Fenrir · ‎10-22-2019

I have a fairly complex query that ultimately outputs a large table with 23 fields and several dozen rows. Since the table is being populated from various data sourcetypes, I have an aggregate of all available fields from all sourcetypes, but all fields are not present in all sourcetypes. Assume there are 3 sourcetypes, they share 17 common fields, one has 3 unique, another 2, and the final sourcetype has 1 unique field. The resulting table will show the results, with all fields regardless if the original sourcetype contains them or not. Because of this, often one of those unique fields will be null across the entire column.

Let's assume for simplicity the data returned from the original query and output to the table before any dedup/null removal is:

| sourcetype | ip      | hostname | os      | status  | department |
|---------|---------|----------|---------|---------|------------|
| type1 | value1   | value2    | null    | value3   | null       |
| type2 |  value1   | value2    | null    | value3   | null       |
| type3 | value4   | value5  | value6 | value7 | null       |

In this instance, I would like to dedup rows 2 and 3 (I ignore sourcetype in the dedup, but I check all other fields present in the final tabl) in to a single result, and remove column 6, but I run in to the following problems:

Dedup requires the values you want to check against. If I remove column 6 (department) first, I cannot generate my dedup command properly, as having "department" as an option results in no full match and the dedup doesn't do anything.
I cannot run dedup first, as if I run it without using a fillnull, dedup will skip lines with null values in any of the specified columns. Now I cannot remove the null columns because the columns I want to remove are no longer null, they have a fillnull value.

Also, as mentioned above, the results are fairly dynamic based on the data being searched for (this is being used on a dashboard with a query parameter input). Sometimes column 4 will be all null, or column 3. The solution needs to account for the dynamic nature of the results.

Happy for any suggestions on how to overcome this, or just a confirmation that this will not be possible and I will need to find a different approach.

Apologies if this doesn't make any sense, I am happy to clarify any points as needed.

7splunk · ‎12-23-2020

I just had to deal with this same 'deduping' crushing results as well.. Did it with if() statements for any fields that were NULL at times:

<search> |eval os=if(ISNULL(os),"dummyValue",os)| eval department=if(ISNULL(department),"dummyValue",department) |dedup ip,hostname,status,department

and could then change the dummyValue back after the dedup if needed

arjunpkishore5 · ‎10-24-2019

How about this,

|stats max(*) as * by ip, hostname

Typically the by column should have fields which you consider as keys in the final result set. This would remove any columns which have all nulls.

Fenrir · ‎10-24-2019

This does not work. I need to dedup before running this operation, which means I am forced to use fillnull. I cannot dedup after because there is no way to predict which columns will be removed. Maybe if there's a way I can set the fields that are being fillnulle'd to - back to null this would work?

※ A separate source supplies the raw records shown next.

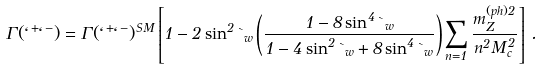Convert formula to latex. <formula><loc_0><loc_0><loc_500><loc_500>\Gamma ( \ell ^ { + } \ell ^ { - } ) = \Gamma ( \ell ^ { + } \ell ^ { - } ) ^ { S M } \left [ 1 - 2 \sin ^ { 2 } \theta _ { w } \left ( \frac { 1 - 8 \sin ^ { 4 } \theta _ { w } } { 1 - 4 \sin ^ { 2 } \theta _ { w } + 8 \sin ^ { 4 } \theta _ { w } } \right ) \sum _ { n = 1 } \frac { m _ { Z } ^ { ( p h ) 2 } } { n ^ { 2 } M _ { c } ^ { 2 } } \right ] \, .</formula> 
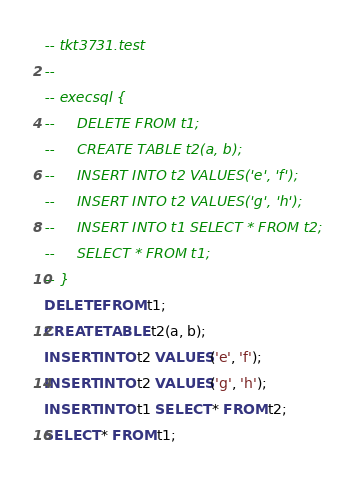<code> <loc_0><loc_0><loc_500><loc_500><_SQL_>-- tkt3731.test
-- 
-- execsql {
--     DELETE FROM t1;
--     CREATE TABLE t2(a, b);
--     INSERT INTO t2 VALUES('e', 'f');
--     INSERT INTO t2 VALUES('g', 'h');
--     INSERT INTO t1 SELECT * FROM t2;
--     SELECT * FROM t1;
-- }
DELETE FROM t1;
CREATE TABLE t2(a, b);
INSERT INTO t2 VALUES('e', 'f');
INSERT INTO t2 VALUES('g', 'h');
INSERT INTO t1 SELECT * FROM t2;
SELECT * FROM t1;</code> 
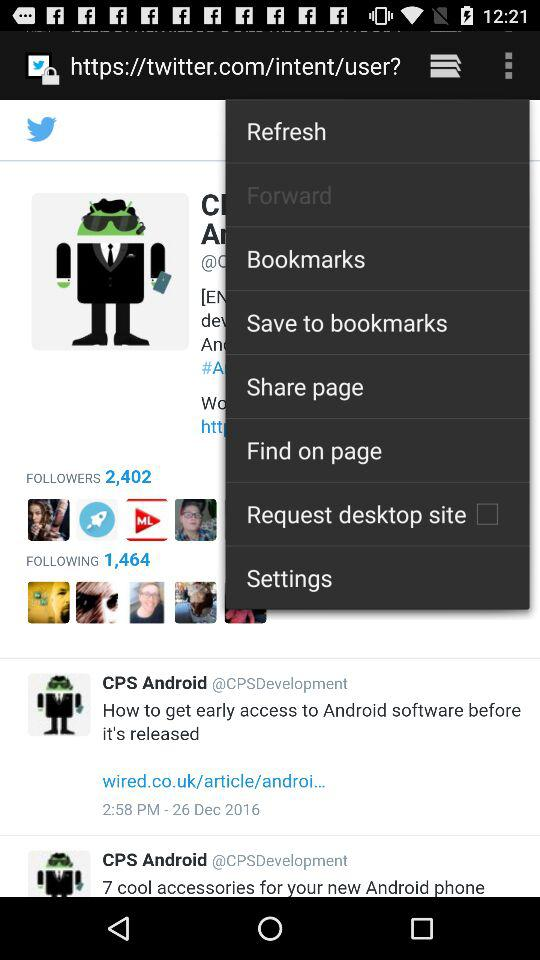What comment is posted at 2:58 PM? The comment is "How to get early access to Android software before it's released".

Dedup with removal of null columns

[Puzzles] Solve, Learn, Repeat: Character substitutions with Regular Expressions

Shape the Future of Splunk: Join the Product Research Lab!

Auto-Injector for Everything Else: Making OpenTelemetry Truly Universal

Are you a member of the Splunk Community?

Dedup with removal of null columns

[Puzzles] Solve, Learn, Repeat: Character substitutions with Regular Expressions

Shape the Future of Splunk: Join the Product Research Lab!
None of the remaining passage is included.